Conhecido, desde há muito, como Monte de Santo Estêvão, o nome primitivo deste lugar era Monte dos Fragões. 


O Monte dos Fragões terá sido, desde cedo, muito apreciado e frequentado. Afinal, as dificuldades nos acessos encaixavam-se nas adversidades do quotidiano. Ultrapassar caminhos difíceis funcionava como sinal de que não seria impossível triunfar sobre circunstâncias adversas. 
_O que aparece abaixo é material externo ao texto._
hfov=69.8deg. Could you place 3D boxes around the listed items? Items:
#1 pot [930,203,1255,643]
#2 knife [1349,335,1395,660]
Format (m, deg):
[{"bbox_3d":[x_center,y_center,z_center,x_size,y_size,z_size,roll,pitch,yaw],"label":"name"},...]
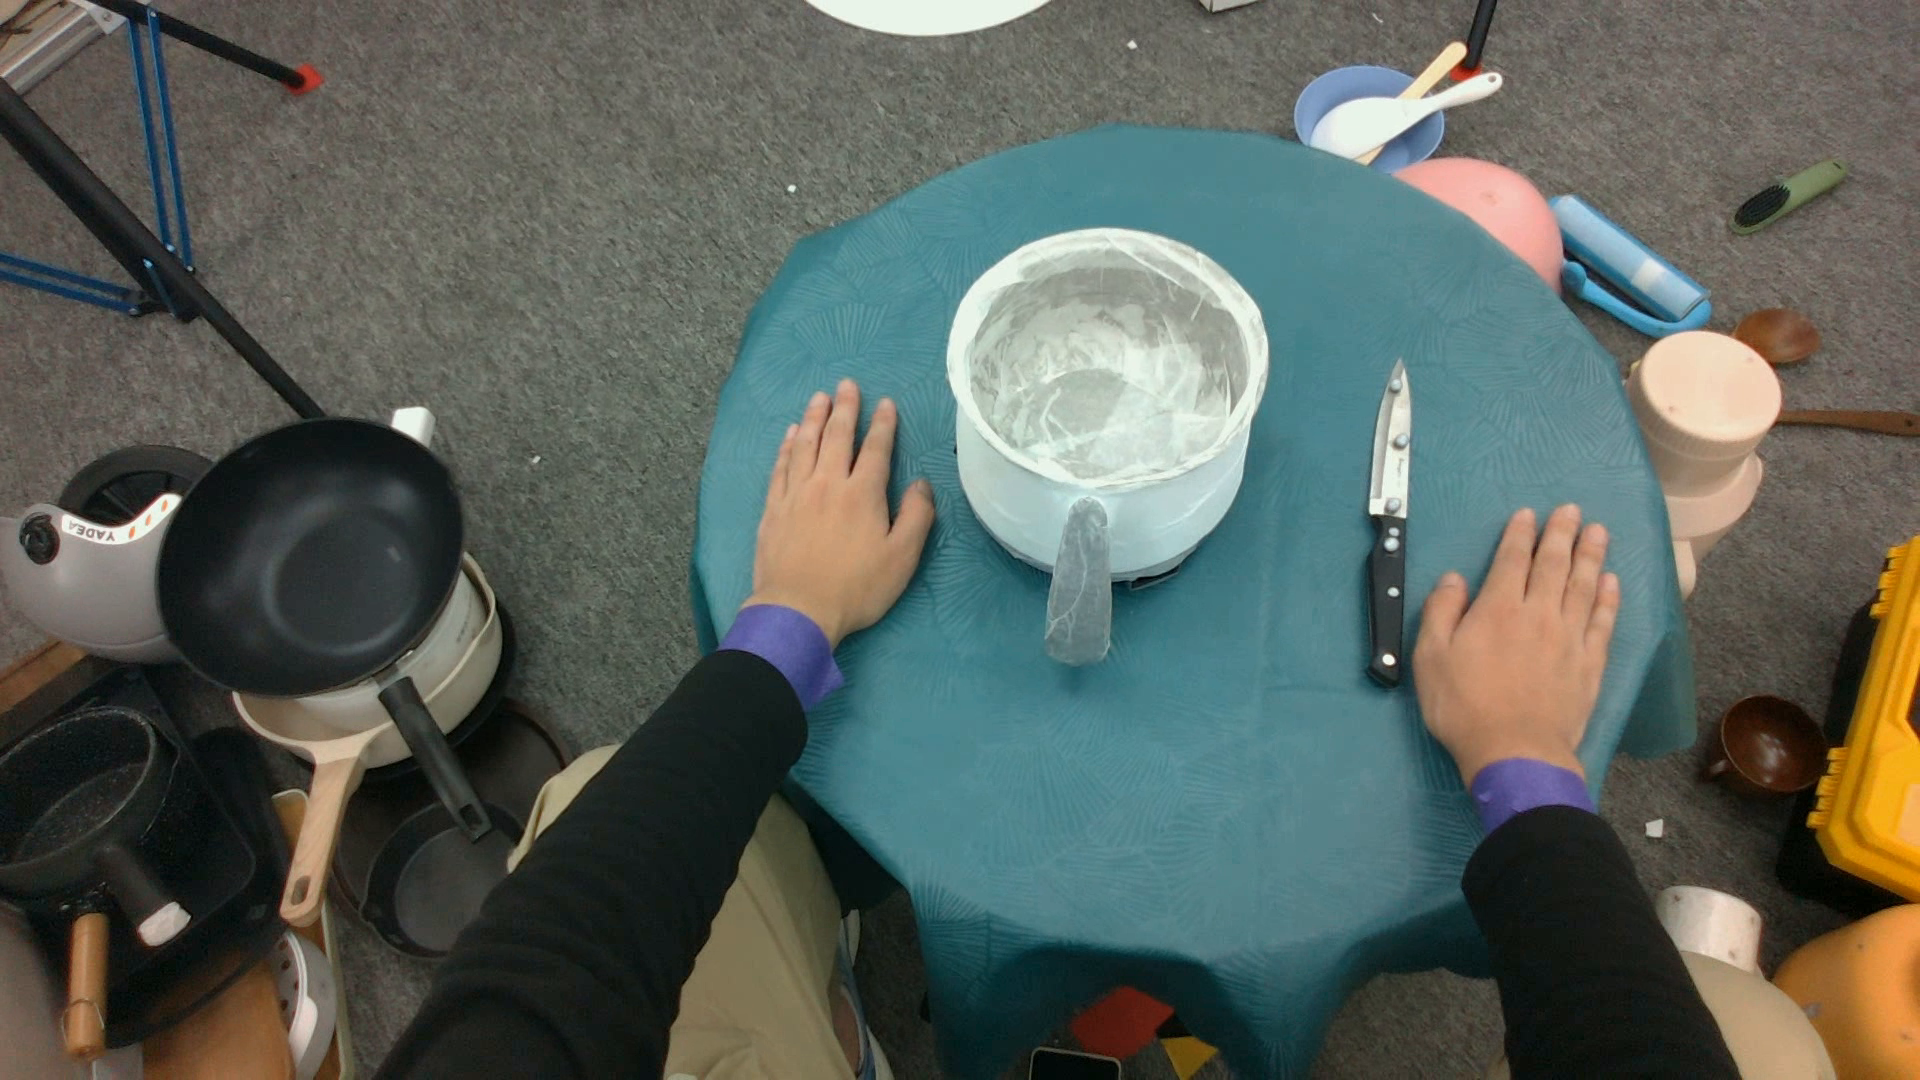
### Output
[{"bbox_3d":[0.072,-0.064,0.797,0.178,0.136,0.234,4,61,6],"label":"pot"},{"bbox_3d":[0.255,-0.033,0.847,0.024,0.016,0.239,7,60,8],"label":"knife"}]

Aquelas alturas, deslumbrantes nos seus 607 metros, sempre ajudaram a elevar o pensamento — e a alma — até às alturas. Foi aí que Lamego viu surgir, no dizer de José António Marrana «uma capelinha branca, como pomba a esvoaçar no horizonte, mensageira de fé, esperança e amor». 


Dedicada a Santo Estevão, foi inaugurada a 15 de Agosto de 1361. Era Bispo D. Durando Lourenço. O Cónego Fernão Martins ficava autorizado a colher esmolas em toda a Diocese para a conservação da Capela e respectivo culto. 
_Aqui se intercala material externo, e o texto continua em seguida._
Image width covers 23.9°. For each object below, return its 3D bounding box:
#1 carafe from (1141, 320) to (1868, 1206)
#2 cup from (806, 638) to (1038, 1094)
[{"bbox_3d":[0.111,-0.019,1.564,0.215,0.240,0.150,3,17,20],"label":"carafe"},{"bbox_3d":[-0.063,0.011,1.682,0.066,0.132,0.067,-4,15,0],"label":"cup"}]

Aos cónegos é pedido que ali passem a ir em procissão duas vezes por ano: uma no dia de Santo Estêvão, 26 de Dezembro, e outra no dia da «invenção» do corpo do Protomártir, a 3 de Agosto. 


Nessas procissões também deviam tomar parte os coreiros da Sé, os raçoeiros de Almacave e os frades de S. Francisco. Era a estes que incumbia a pregação. A Missa devia ser oferecida por alma de D. Durando, seus pais e demais obrigações. Para os encargos, o Bispo legava 12 libras anuais ao Cabido, quatro aos coreiros e 20 soldos a cada raçoeiro e frade.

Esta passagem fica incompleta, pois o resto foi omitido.